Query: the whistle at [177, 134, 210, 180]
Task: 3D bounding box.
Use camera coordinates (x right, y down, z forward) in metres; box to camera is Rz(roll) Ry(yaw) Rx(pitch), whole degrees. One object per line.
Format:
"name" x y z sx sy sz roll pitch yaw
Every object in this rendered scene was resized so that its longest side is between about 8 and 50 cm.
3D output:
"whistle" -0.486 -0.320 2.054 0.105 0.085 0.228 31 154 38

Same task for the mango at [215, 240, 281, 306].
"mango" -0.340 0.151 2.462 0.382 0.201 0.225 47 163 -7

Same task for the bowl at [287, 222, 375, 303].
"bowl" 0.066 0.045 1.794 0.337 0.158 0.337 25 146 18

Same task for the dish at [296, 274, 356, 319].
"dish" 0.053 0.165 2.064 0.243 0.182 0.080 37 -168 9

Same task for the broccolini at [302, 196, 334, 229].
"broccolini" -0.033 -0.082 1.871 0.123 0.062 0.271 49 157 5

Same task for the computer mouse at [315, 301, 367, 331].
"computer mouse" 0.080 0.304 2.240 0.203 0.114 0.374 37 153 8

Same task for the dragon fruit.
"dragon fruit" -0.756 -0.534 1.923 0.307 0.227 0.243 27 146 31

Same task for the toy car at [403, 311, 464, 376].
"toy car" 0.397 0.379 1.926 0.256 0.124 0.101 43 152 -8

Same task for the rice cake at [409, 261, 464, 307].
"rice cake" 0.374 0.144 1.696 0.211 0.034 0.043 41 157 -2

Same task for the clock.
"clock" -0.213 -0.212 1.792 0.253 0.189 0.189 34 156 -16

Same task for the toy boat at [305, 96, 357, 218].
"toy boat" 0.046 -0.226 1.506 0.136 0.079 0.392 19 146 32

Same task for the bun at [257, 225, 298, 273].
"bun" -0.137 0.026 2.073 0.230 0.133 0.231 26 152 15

******************************

* TASK OBJECTIVE *
Please give each line above again, word for word.

* SOLUTION FOR THIS TASK *
Query: the whistle at [177, 134, 210, 180]
Task: 3D bounding box.
Use camera coordinates (x right, y down, z forward) in metres; box to camera is Rz(roll) Ry(yaw) Rx(pitch), whole degrees. One object per line.
Format:
"name" x y z sx sy sz roll pitch yaw
Every object in this rendered scene was resized so that its longest side is between about 8 and 50 cm.
3D output:
"whistle" -0.486 -0.320 2.054 0.105 0.085 0.228 31 154 38

Same task for the mango at [215, 240, 281, 306].
"mango" -0.340 0.151 2.462 0.382 0.201 0.225 47 163 -7

Same task for the bowl at [287, 222, 375, 303].
"bowl" 0.066 0.045 1.794 0.337 0.158 0.337 25 146 18

Same task for the dish at [296, 274, 356, 319].
"dish" 0.053 0.165 2.064 0.243 0.182 0.080 37 -168 9

Same task for the broccolini at [302, 196, 334, 229].
"broccolini" -0.033 -0.082 1.871 0.123 0.062 0.271 49 157 5

Same task for the computer mouse at [315, 301, 367, 331].
"computer mouse" 0.080 0.304 2.240 0.203 0.114 0.374 37 153 8

Same task for the dragon fruit.
"dragon fruit" -0.756 -0.534 1.923 0.307 0.227 0.243 27 146 31

Same task for the toy car at [403, 311, 464, 376].
"toy car" 0.397 0.379 1.926 0.256 0.124 0.101 43 152 -8

Same task for the rice cake at [409, 261, 464, 307].
"rice cake" 0.374 0.144 1.696 0.211 0.034 0.043 41 157 -2

Same task for the clock.
"clock" -0.213 -0.212 1.792 0.253 0.189 0.189 34 156 -16

Same task for the toy boat at [305, 96, 357, 218].
"toy boat" 0.046 -0.226 1.506 0.136 0.079 0.392 19 146 32

Same task for the bun at [257, 225, 298, 273].
"bun" -0.137 0.026 2.073 0.230 0.133 0.231 26 152 15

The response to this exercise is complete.